Jak wiecie, fitness i zdrowy styl życia to moja największa pasja. Nawet podczas podróży zawsze szukam miejsc, które pozwolą mi utrzymać formę i zadbać o ciało. Ostatnio spędziłam tydzień w przepięknym Krakowie i muszę Wam powiedzieć – to miasto ma naprawdę wiele do zaoferowania dla osób aktywnych! Dziś chciałabym podzielić się z Wami moimi odkryciami i polecić Wam 5 miejsc, które koniecznie musicie odwiedzić podczas wizyty w dawnej stolicy Polski.
Park Trampolin GOjump – Fitness w powietrzu!

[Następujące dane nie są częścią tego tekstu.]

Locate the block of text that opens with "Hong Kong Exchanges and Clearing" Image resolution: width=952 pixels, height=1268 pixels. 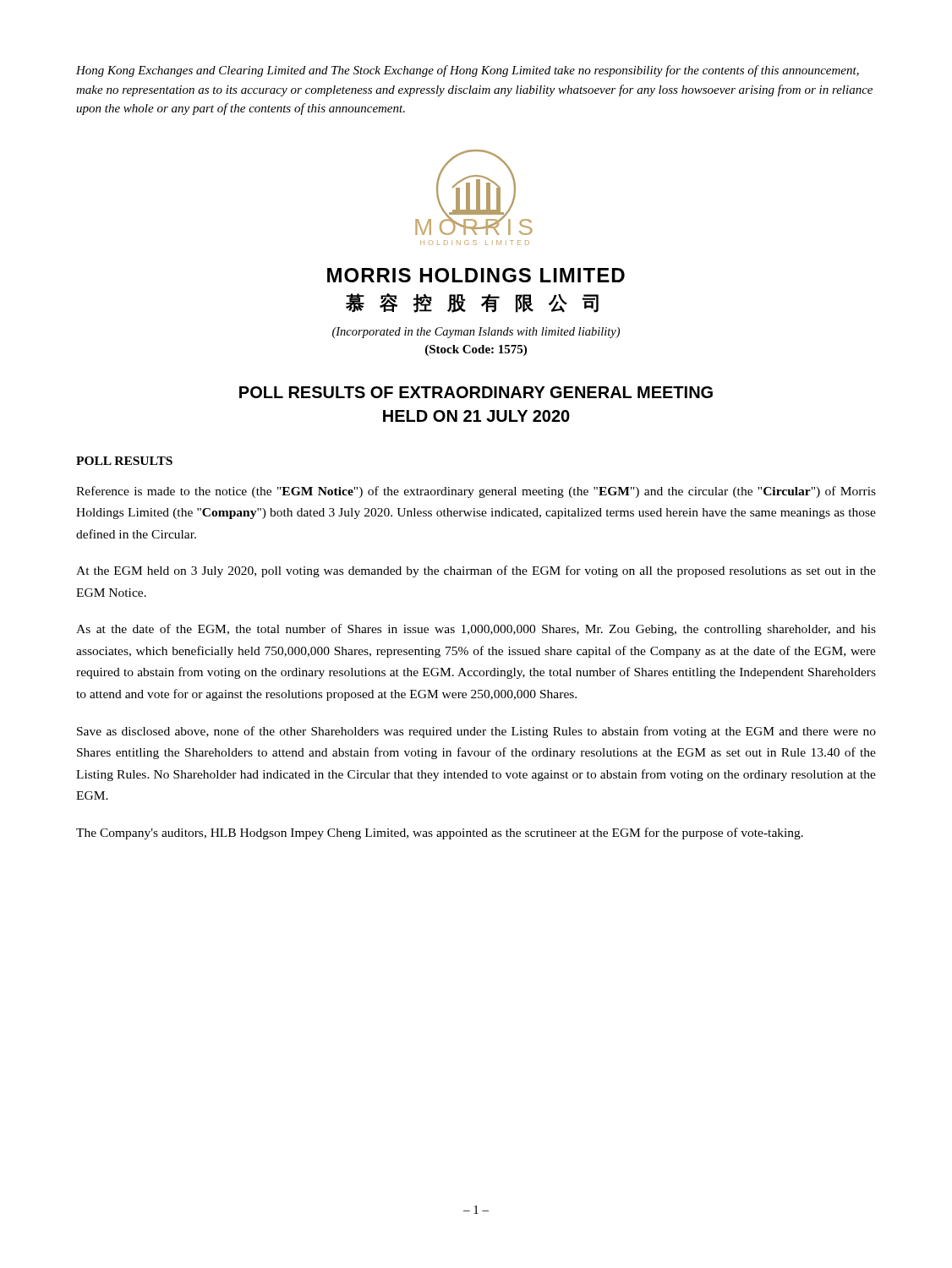tap(475, 89)
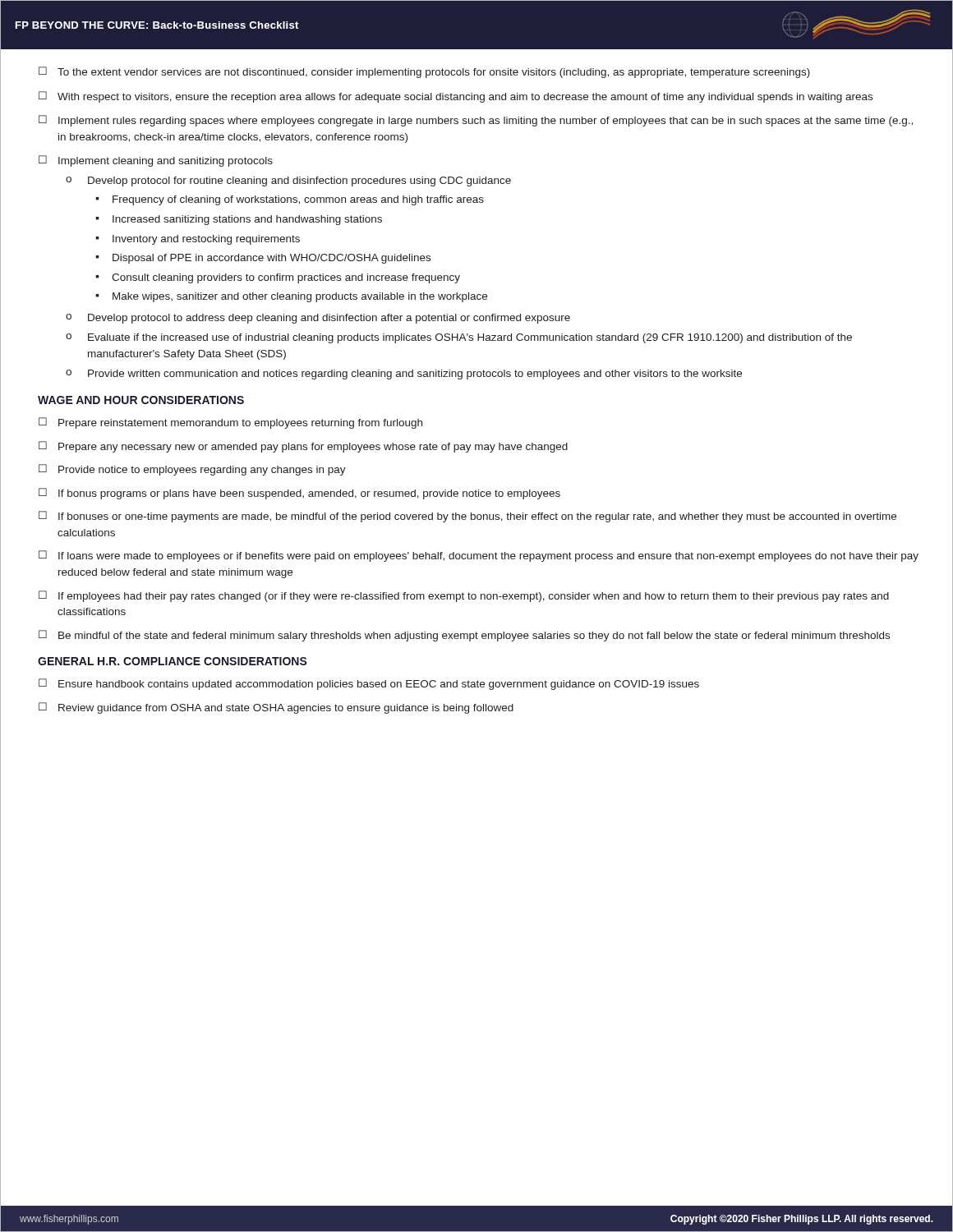Locate the text "☐ Implement cleaning and sanitizing protocols"
Image resolution: width=953 pixels, height=1232 pixels.
pyautogui.click(x=156, y=161)
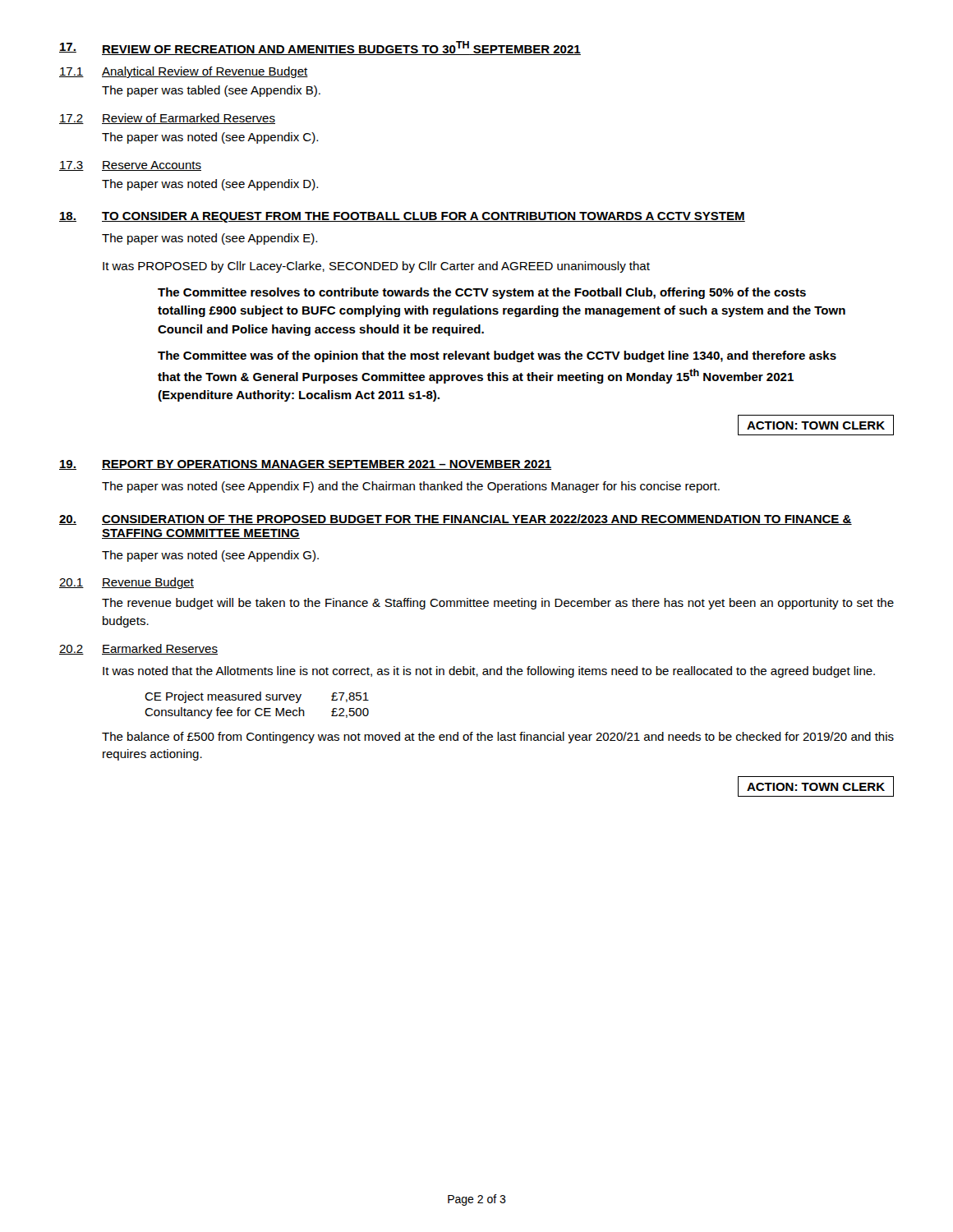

Zacznijmy od miejsca, które skradło moje serce od pierwszego podskoku! GOjump to największy park trampolin w Małopolsce, znajdujący się przy ul. Stella-Sawickiego 1. Kiedy przekroczyłam jego próg, od razu poczułam przypływ energii i ekscytacji – jak dziecko w sklepie z zabawkami!
Park oferuje kilka stref aktywności, które pozwalają na wszechstronny trening całego ciała:
Arena główna – to ogromna przestrzeń z połączonymi trampolinami, gdzie możecie skakać do woli. Już po 15 minutach intensywnych podskoków poczułam, jak pracują moje mięśnie nóg, brzucha i ramion. Według mojego smartwatcha, w ciągu godziny spaliłam ponad 600 kalorii – to więcej niż podczas mojego standardowego treningu cardio!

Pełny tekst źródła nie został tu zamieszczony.